I0626 19:01:26.925776 139684790912832 postprocess_variants.py:1211] Using sample name from call_variants output. Sample name: default 2024-06-26 19:01:26.928061: I deepvariant/postprocess_variants.cc:94] Read from: ../../results/deepVariant/KO_PV/<sample_name>/intermediate/call_variants_output-00000-of-00001.tfrecord.gz 2024-06-26 19:01:26.930065: I deepvariant/postprocess_variants.cc:109] Total #entries in single_site_calls = 407 I0626 19:01:26.930917 139684790912832 postprocess_variants.py:1313] CVO sorting took 6.503661473592123e-05 minutes I0626 19:01:26.931080 139684790912832 postprocess_variants.py:1316] Transforming call_variants_output to variants. I0626 19:01:26.931126 139684790912832 postprocess_variants.py:1318] Using 6 CPUs for parallelization of variant transformation. I0626 19:01:26.954008 139684790912832 postprocess_variants.py:1211] Using sample name from call_variants output. Sample name: default I0626 19:01:26.991115 139684790912832 postprocess_variants.py:1386] Processing variants (and writing to temporary file) took 0.00046567519505818686 minutes I0626 19:01:27.391298 139684790912832 postprocess_variants.py:1407] Finished writing VCF and gVCF in 0.006664212544759115 minutes.
real 0m4.417s user 0m2.938s sys 0m0.743s
Also under my target path ../results/deepVariant/KO_PV/<sample_name>/vcf, I do get the file <sample_name>.deepVariant.vcf.gz.tbi
Ok, that means it worked for you.
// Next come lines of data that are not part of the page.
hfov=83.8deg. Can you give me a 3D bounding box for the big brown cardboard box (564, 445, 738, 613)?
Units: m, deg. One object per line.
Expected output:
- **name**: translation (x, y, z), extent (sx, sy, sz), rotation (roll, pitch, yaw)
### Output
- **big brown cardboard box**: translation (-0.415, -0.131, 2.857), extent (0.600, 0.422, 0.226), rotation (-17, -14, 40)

Do you have any further questions?
only <sample_name>.deepVariant.vcf.gz.tbi (besides example and call_variant files) was generated, no vcf and gvcf at the output dir. I also changed the path to absolute dir and it didn't help
@hangy1 , can you please run the quickstart by simply copy-pasting the commands in your system? That way we could pinpoint the issue in a controlled case.
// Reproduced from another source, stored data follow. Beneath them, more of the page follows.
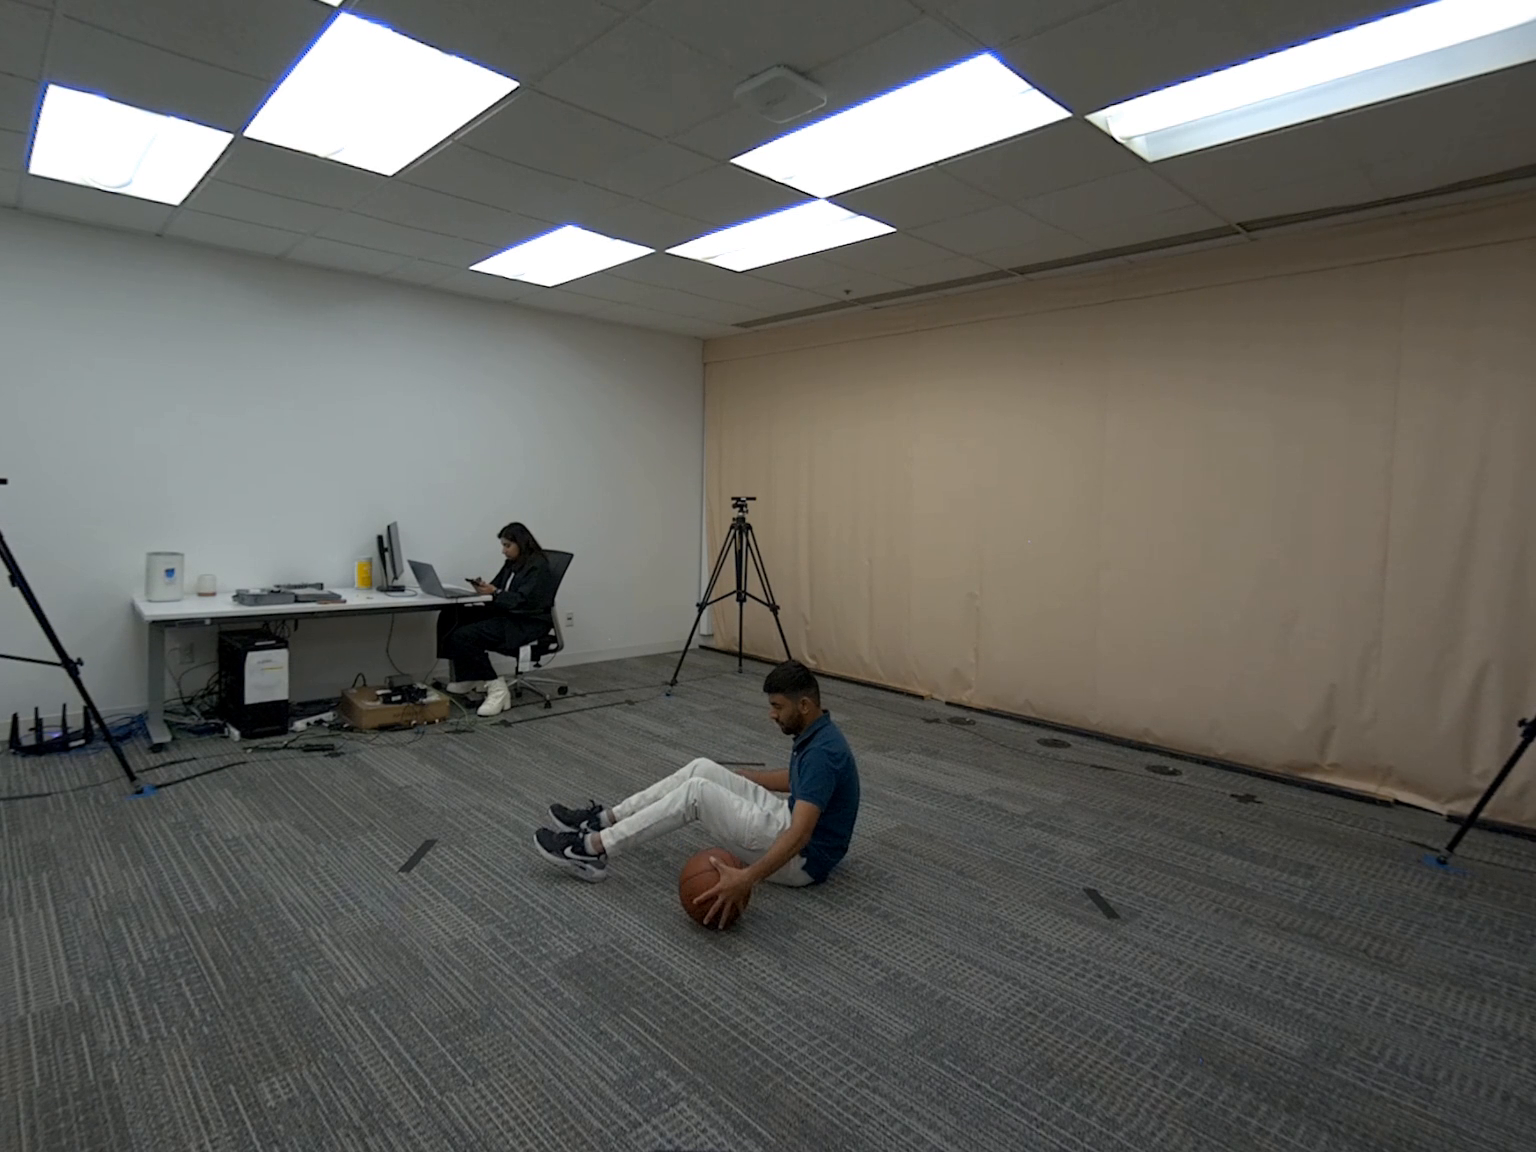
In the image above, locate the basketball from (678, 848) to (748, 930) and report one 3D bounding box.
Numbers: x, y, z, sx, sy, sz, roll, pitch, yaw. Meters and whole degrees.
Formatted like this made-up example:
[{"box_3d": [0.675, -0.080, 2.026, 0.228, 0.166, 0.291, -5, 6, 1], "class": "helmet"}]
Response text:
[{"box_3d": [-0.188, 1.016, 2.757, 0.236, 0.235, 0.237, 1, 4, -1], "class": "basketball"}]

I am closing this due to inactivity. Please reopen if you need further help.
Hello,
I have the exact same issue. In my case, I have my VCFs, gVCFs and the index files created but it fails at creating the "vcf_stats_repot". I have given the absolute paths as well.
When I ran the test data, I had the same issue. Tried runnig the VCF run report separate as documented here: https://github.com/google/deepvariant/blob/r1.6.1/docs/deepvariant-vcf-stats-report.md and that also didn't work.
Any assistance would be greatly appreciated.
Thank you so much.
Hello @ayeshbond!
Could you please add a log statement with the exact error that you're seeing?
Additionally, you can always disable the creation of the vcf_stats_repot in case it's blocking you from running DeepVariant.
Hello @lucasbrambrink,
Thank you very much for the response. I am attaching the log file herewith.
THe command I used was:
singularity run -B /usr/lib/locale/:/usr/lib/locale/ deepvariant_1.6.1.sif /opt/deepvariant/bin/run_deepvariant --model_type=WGS --ref="{rest_path}/tools/DeepVariant/ref_genomes/GCA_000001405.15_GRCh38_no_alt_analysis_set.fasta" --reads="{rest_path}/MiniMap_SAM_BAM/11741-KA-0004.sorted.bam" --output_vcf="{rest_path}/deepvar_calls/11741-KA-0004_output.vcf.gz" --output_gvcf="{rest_path}/deepvar_calls/11741-KA-0004_output.g.vcf.gz" --intermediate_results_dir "{rest_path}/deepvar_calls/intermediate_results_dir/0004" --num_shards=32 &> deepvar_0004.log
Also, could you let me know how I can disable it the vcf_stat_report?` I tried to look for it but to no luck. It doesn't necessarily affect the variant calling through. Just gives an error/failure due to this last step.
Thank you very much once again, and please let me know if I can get you any more information.